И вдруг будто застряла на полушаге. Будто силится и никак не может вытянуть ногу из вязкого болота. "Ну, иди же, – усмехнулся Захария, – чего ты встала?" Бекки, замершая как глиняная статуя, судорожно вздохнула и попыталась не то сказать что-то, не то крикнуть, не то позвать на помощь. И видно было, хотя и в полутьме, как воздух, рвущийся из легких, буквально раздувает ее грудь, но не только закричать, а и затравленно пискнуть ей явно не под силу. "Ну, что ж, – сказал Захария ровным голосом, безо всякой угрозы, – не хочешь идти к нам – тогда иди отсюда". И, как в страшном сне, Бекки начала пятиться, все быстрее и быстрее, пока не раздался всплеск. "Ты плавать-то умеешь? – деловито спросил Захария. – Или тебя поучить? А, плывешь… Ну, вот и плыви – на тот берег". – "Она не утонет?" – испуганно спросила Лида. – "Не беспокойся. Та субстанция, из которой преимущественно состоит ее тело, не тонет. Ладно, пошли и мы отсюда". – "Куда?" – одними губами спросила Лида. – "Ко мне домой, – просто, как о само собой разумеющемся, ответил Захария. – Ты переволновалась, устала. Мы сейчас выпьем немного, отдохнем…" – "А потом?" – растерянно спросила Лида. – "А потом – видно будет. Ну, пошли". – "А это далеко?" – "Буквально в двух шагах". И тут Лида сказала с улыбкой: "Вот, значит, зачем ты меня сюда притащил!" – "Вот, значит, и ты начинаешь читать мысли, – без улыбки ответил Захария. – Замечательно. Потому что плохи дела тех, кто на это не способен. Возьми ту же Бекки – владей она таким умением, так обошла бы меня за пятьдесят шагов…" – "А почему не за сто?" – "Ну, она все же не волчица и не городская шпана…"

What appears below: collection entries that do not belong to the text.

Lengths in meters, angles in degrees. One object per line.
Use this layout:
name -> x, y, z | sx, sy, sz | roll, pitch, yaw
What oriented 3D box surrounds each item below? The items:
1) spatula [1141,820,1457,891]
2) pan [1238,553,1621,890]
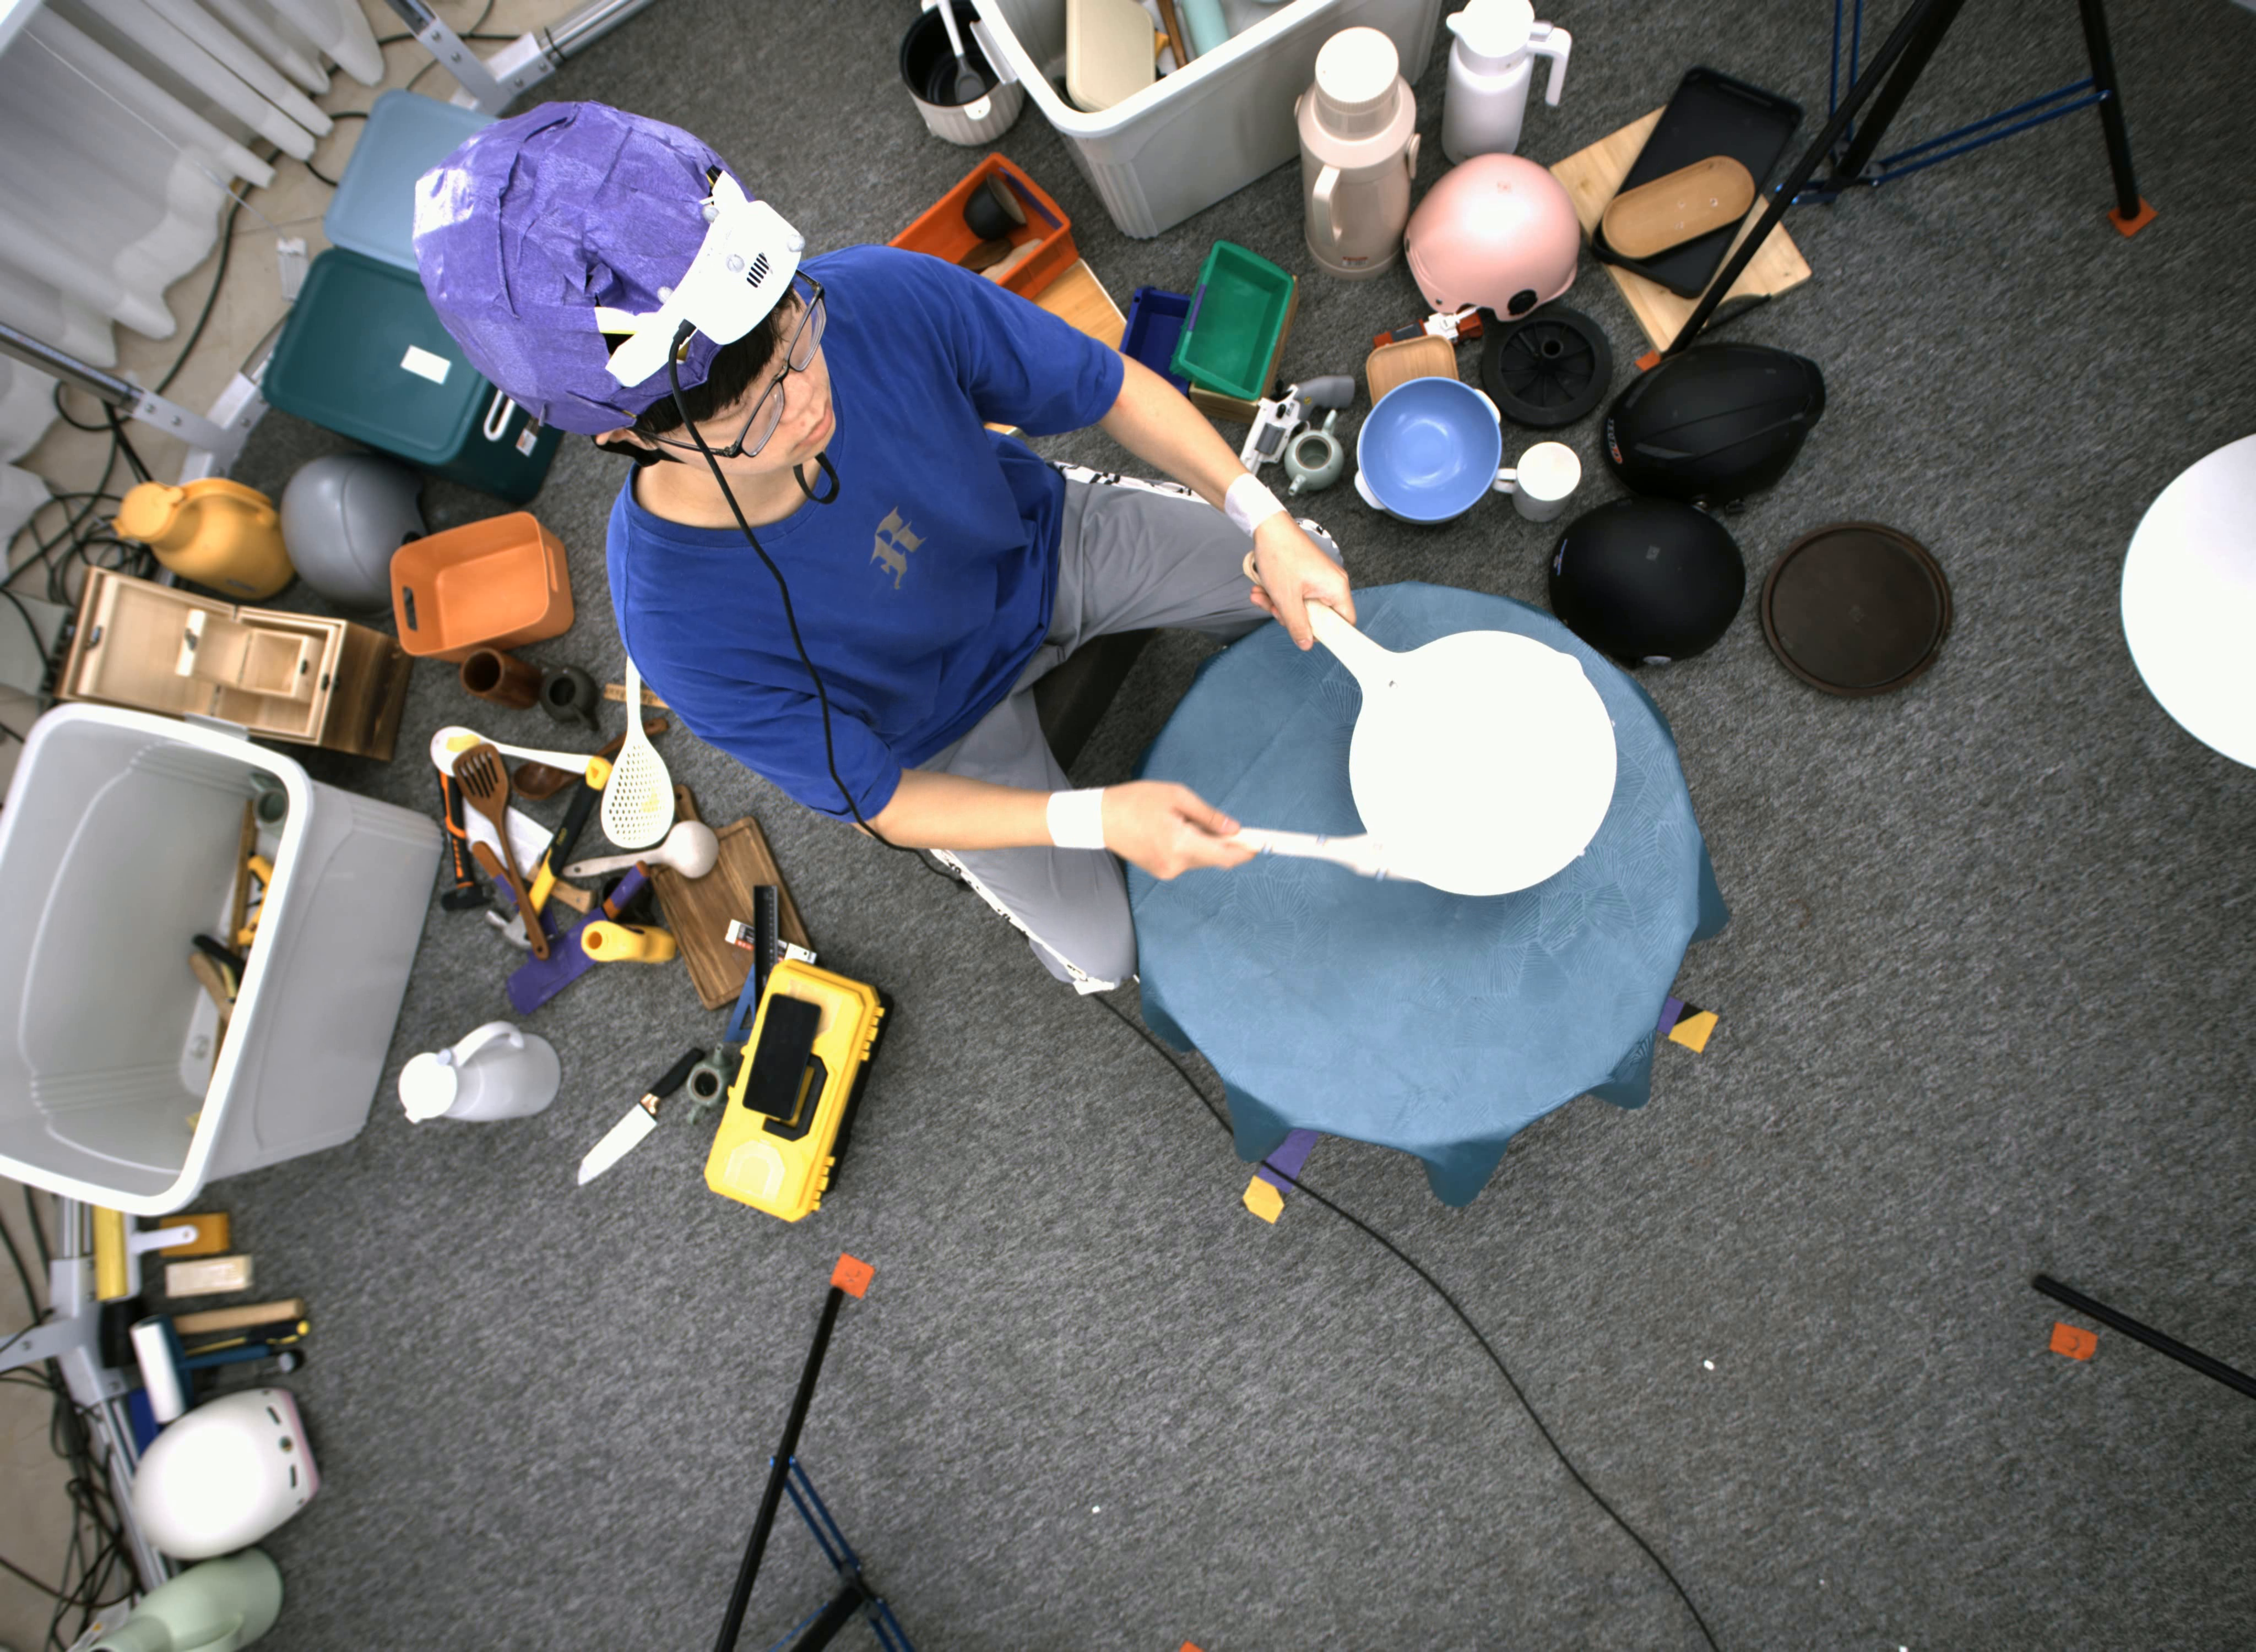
spatula -> 0.150, 0.021, 1.266 | 0.294, 0.070, 0.011 | 7, 124, 21
pan -> 0.286, -0.127, 1.353 | 0.432, 0.101, 0.267 | 44, 110, 16

Через каких-то пять минут они уже поднимались на лифте. "Нам высоко?" – спросила Лида, вдруг почувствовав, как ее охватила дрожь. – "Очень высоко, – ответил Захария. Но все будет хорошо, вот увидишь". – "Я знаю. Вот этого-то и боюсь". – "Своего знания?" – "Нет, того, что мне будет с тобой так хорошо, как ни с кем на свете".
И действительно, Лида благодаря своему чудному дару явственно увидела, насколько ей будет хорошо в постели с этим, еще час назад совершенно чужим человеком. А потом ей было так хорошо, как она даже представить себе не могла. А потом ей стало еще лучше – как бывает только в сказке. А потом, в какой-то момент, Лида вдруг осознала, что они с Захарией стоят, обнявшись, у окна, и перед ними, докуда хватает взгляда, крыши более низких небоскребов. И Захария сокрушенно покачал головой: "А ведь я обещал показать иногородней барышне полуночной город…" – "Обещал, – улыбнулась Лида, – и я бы с удовольствием посмотрела…" Тогда Захария едва слышно прошептал: "Ну, что, летим?" Лида еще тише ответила: "Да, мой хороший". Захария распахнул окно, и они, взявшись за руки, поплыли в лунном свете над ночным Нью-Йорком.